Est-ce que cette entrée dans cette émission est un premier pas vers la fin du hard news ?
Non, surtout pas ! Le hard news, c'est mon ADN. Là c'est une émission qui est quand même très collée à l'actualité, mais vous ne me verrez pas dans un autre programme.
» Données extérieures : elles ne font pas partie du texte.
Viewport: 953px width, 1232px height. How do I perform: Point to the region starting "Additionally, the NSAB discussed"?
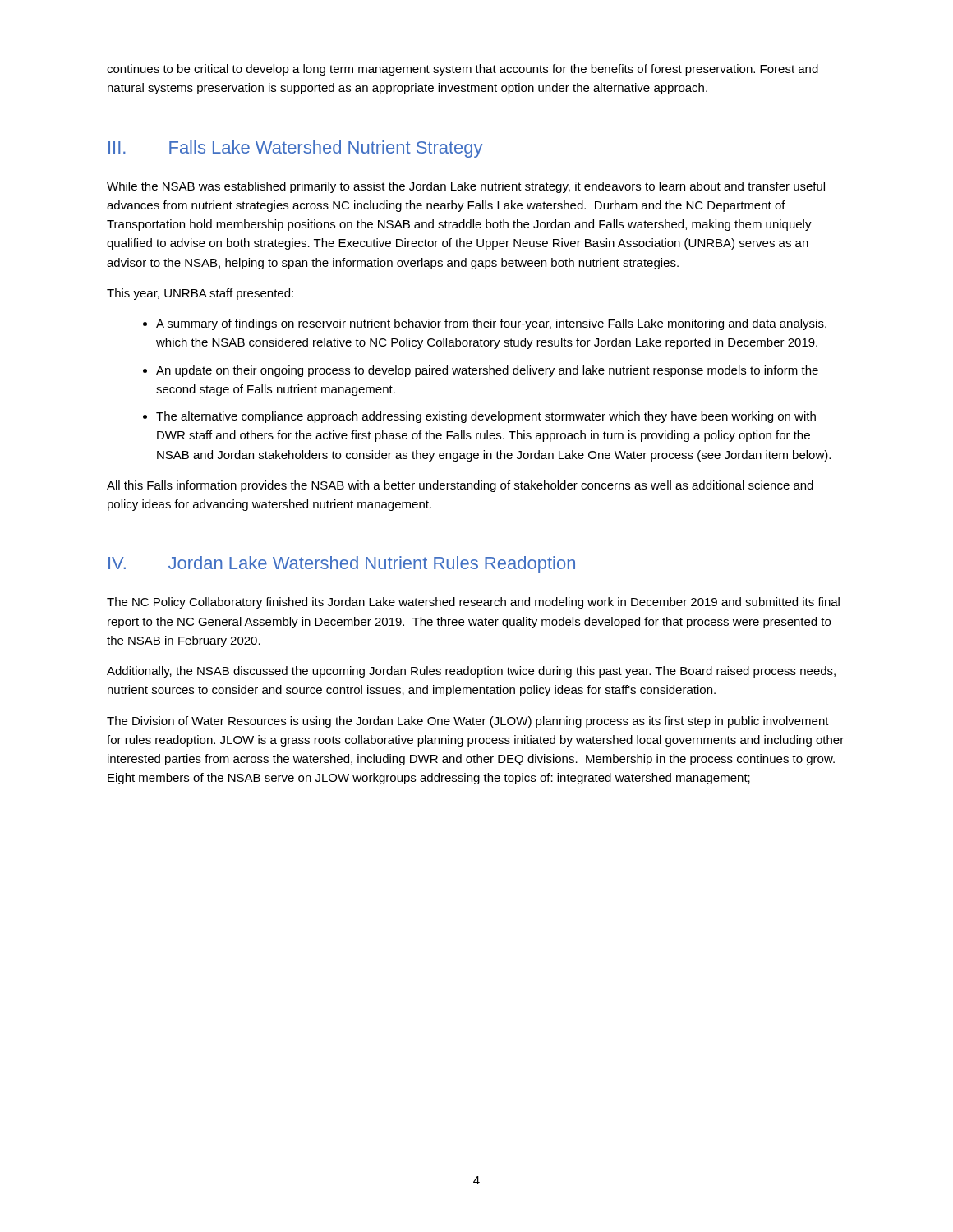[x=472, y=680]
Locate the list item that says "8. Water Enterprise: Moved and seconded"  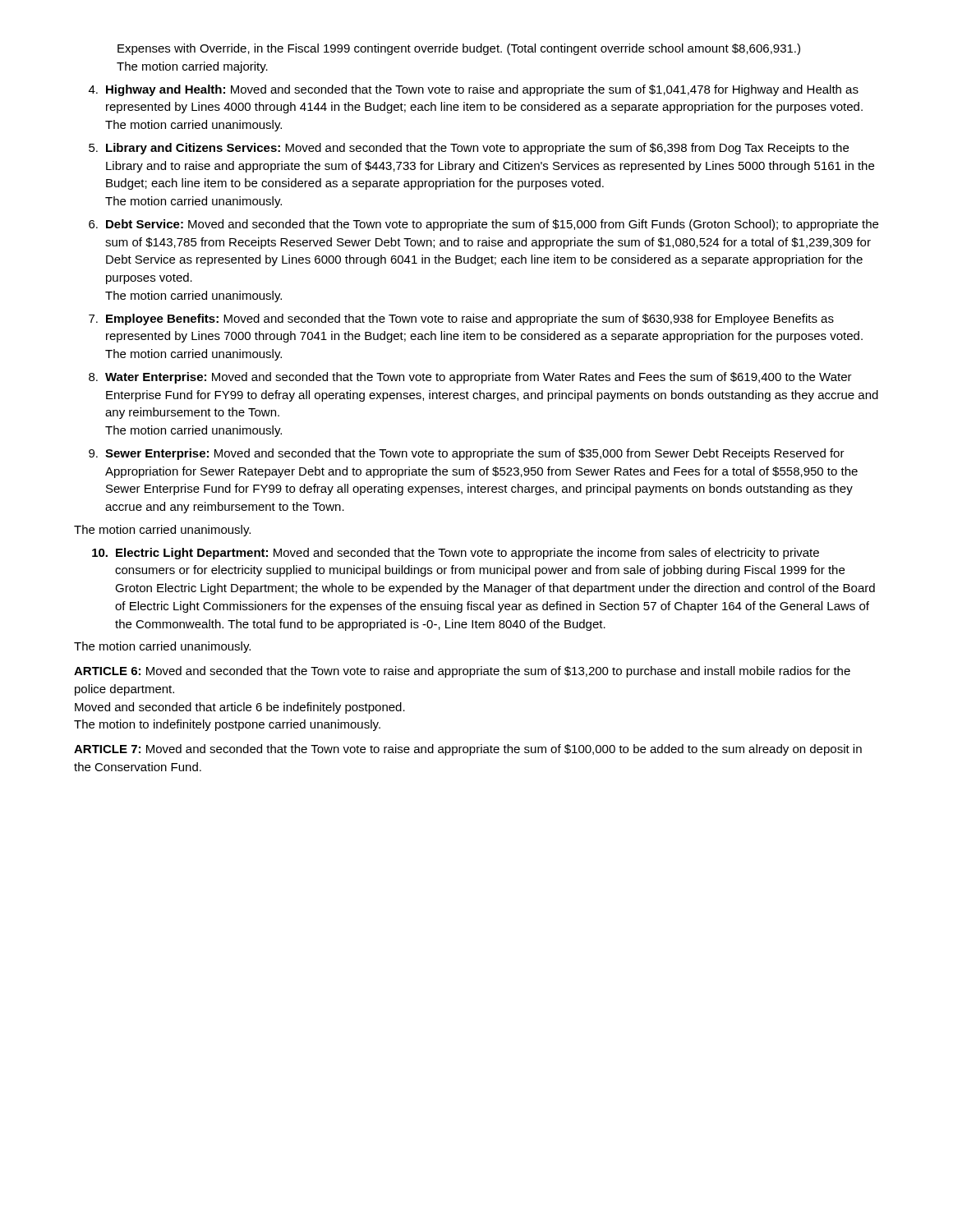pyautogui.click(x=476, y=403)

Votre ancienne collègue dans "Première édition", Pascale de La Tour du Pin, avec qui vous avez travaillé des années, a fait un autre choix. Cet été, elle a quitté BFMTV une deuxième fois pour C8 et l'équipe de Cyril Hanouna dans "Touche pas à mon poste !". Avez-vous un regard sur son choix de carrière ?
Je ne veux faire aucun commentaire.
Très bien, je n'insiste pas. Vous nous disiez néanmoins que vous ne feriez jamais ce choix de carrière...
Non, je dis que mon métier c'est le hard news et que 'Faites entrer l'accusé', c'est une déclinaison du métier que je fais. Mais vous savez, il faut le protéger le métier de journaliste. Il est décrié, on ne peut pas en faire n'importe quoi. C'est ma vision du métier. Cela fait trente et un ans que je l'exerce, j'ai encore des choses à faire. L'actualité, c'est mon moteur.
"L'objectif, c'est que les contenus de la matinale de BFMTV soient prescripteurs"
Comment faites-vous pour vous renouveler dans "Première édition" ?
Pour ne pas s'user, ne pas ronronner ni s'embourgeoiser, ce qui est quand même l'un des cancers de notre métier, il faut toujours inventer. Il se trouve qu'avec mon équipe, on part vraiment d'une page blanche tous les jours. L'objectif cette année, plus encore que les autres, c'est que les contenus de la matinale de BFMTV soient prescripteurs. C'est-à-dire que les sujets dont on a l'idée soient le reflet d'une tendance. Que l'on se dise "BFM à fait ça, c'est bien". Et qu'on les voit ailleurs après. Typiquement, c'est ce qu'il s'est passé avec le sujet sur les thérapies de conversion. Ça devient un titre, et ça fout un bordel monstre, les ministres réagissent... Ça c'est le pur journalisme.
Un mot sur l'audience aussi. Vous étiez il y a quelques années dans l'aspiration de "Télématin, la matinale de France 2. L'écart est net aujourd'hui...
Oui, parce que Thomas Sotto est arrivé, le décor a changé. Cela n'a plus rien à voir avec ce que fut "Télématin".
Cherchez-vous tout de même à réduire l'écart ?
Bien sûr, c'est la compétition. Les rattraper, je ne sais pas. S'en rapprocher, on essaie... On ne fait pas du tout la même chose et on ne s'adresse pas au même public, celui de "Télématin" est plus âgé que le nôtre.